**The problem**
Copy out each line of the material in which the word "degrees" appears.

**Material to process**
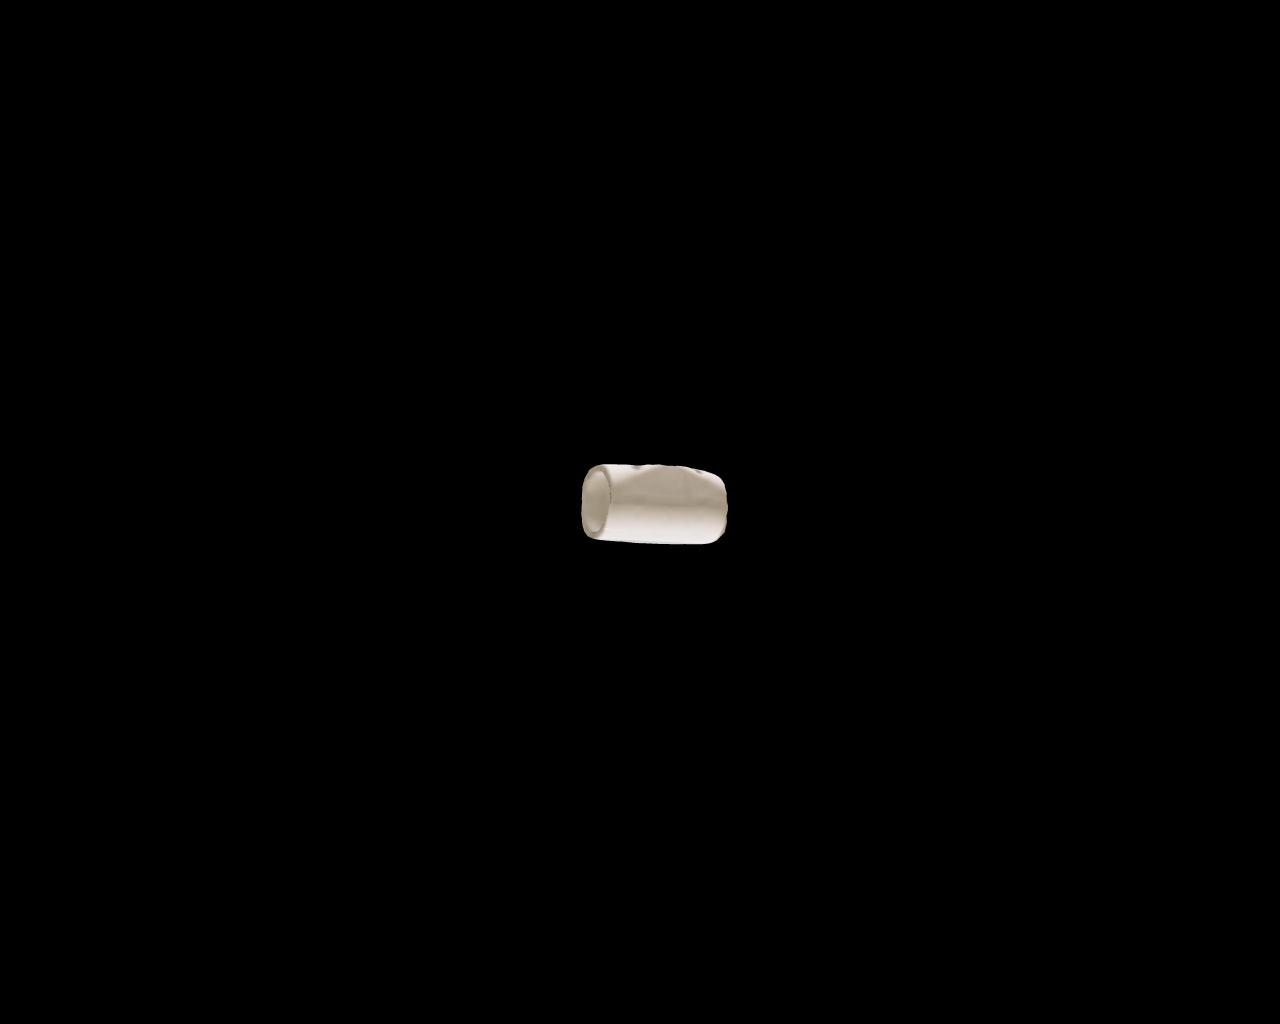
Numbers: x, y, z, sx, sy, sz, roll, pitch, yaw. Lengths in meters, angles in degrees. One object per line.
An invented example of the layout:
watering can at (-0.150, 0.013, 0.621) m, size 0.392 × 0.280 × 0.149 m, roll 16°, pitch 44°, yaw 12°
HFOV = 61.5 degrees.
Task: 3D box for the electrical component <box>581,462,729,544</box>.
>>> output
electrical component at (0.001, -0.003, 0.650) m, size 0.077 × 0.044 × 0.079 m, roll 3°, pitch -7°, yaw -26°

--

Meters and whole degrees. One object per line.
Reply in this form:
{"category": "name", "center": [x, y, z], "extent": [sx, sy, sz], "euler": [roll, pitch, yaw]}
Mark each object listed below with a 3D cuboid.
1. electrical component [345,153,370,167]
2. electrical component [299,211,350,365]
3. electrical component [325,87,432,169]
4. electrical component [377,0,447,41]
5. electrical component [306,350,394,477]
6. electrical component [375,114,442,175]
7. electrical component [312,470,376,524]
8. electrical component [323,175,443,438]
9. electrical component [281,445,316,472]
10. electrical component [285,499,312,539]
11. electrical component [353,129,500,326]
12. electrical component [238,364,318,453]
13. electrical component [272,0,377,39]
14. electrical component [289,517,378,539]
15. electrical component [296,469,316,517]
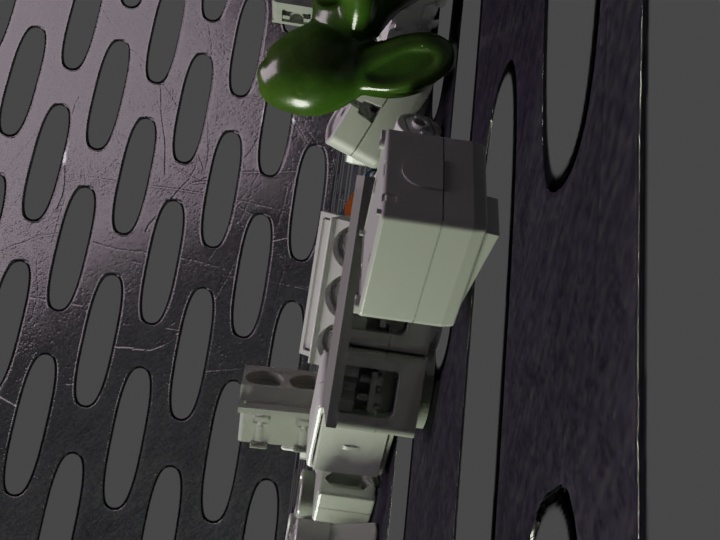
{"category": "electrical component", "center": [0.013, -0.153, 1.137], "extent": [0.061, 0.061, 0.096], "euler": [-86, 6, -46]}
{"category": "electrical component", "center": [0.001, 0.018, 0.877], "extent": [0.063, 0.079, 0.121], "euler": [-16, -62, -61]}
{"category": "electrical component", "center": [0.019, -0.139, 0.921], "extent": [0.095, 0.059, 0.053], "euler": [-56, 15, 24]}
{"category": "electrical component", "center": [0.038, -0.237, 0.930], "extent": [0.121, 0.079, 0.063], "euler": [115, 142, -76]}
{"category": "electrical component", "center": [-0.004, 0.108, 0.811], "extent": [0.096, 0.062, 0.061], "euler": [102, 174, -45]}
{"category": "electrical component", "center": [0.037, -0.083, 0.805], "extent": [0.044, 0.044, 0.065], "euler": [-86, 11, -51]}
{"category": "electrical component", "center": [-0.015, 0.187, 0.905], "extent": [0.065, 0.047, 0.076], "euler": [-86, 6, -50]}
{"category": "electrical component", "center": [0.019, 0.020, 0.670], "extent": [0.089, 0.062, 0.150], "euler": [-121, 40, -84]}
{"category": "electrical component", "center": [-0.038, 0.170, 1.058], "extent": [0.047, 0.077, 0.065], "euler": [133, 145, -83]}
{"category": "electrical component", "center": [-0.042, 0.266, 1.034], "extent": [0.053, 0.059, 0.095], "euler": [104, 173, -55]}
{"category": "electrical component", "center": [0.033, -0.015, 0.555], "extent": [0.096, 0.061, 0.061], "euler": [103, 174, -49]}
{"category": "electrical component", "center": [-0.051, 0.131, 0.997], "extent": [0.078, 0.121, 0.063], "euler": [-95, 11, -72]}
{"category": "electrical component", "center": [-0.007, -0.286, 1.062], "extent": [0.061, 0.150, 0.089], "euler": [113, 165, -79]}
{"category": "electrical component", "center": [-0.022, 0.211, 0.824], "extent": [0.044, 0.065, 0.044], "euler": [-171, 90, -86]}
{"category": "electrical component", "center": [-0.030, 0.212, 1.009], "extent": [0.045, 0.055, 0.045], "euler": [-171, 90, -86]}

**Finished task**
Numbers: x, y, z, sx, sy, sz, roll, pitch, yaw. Lengths in meters, angles in degrees. One object per line.
HFOV = 61.5 degrees.
Meters and whole degrees. One object per line.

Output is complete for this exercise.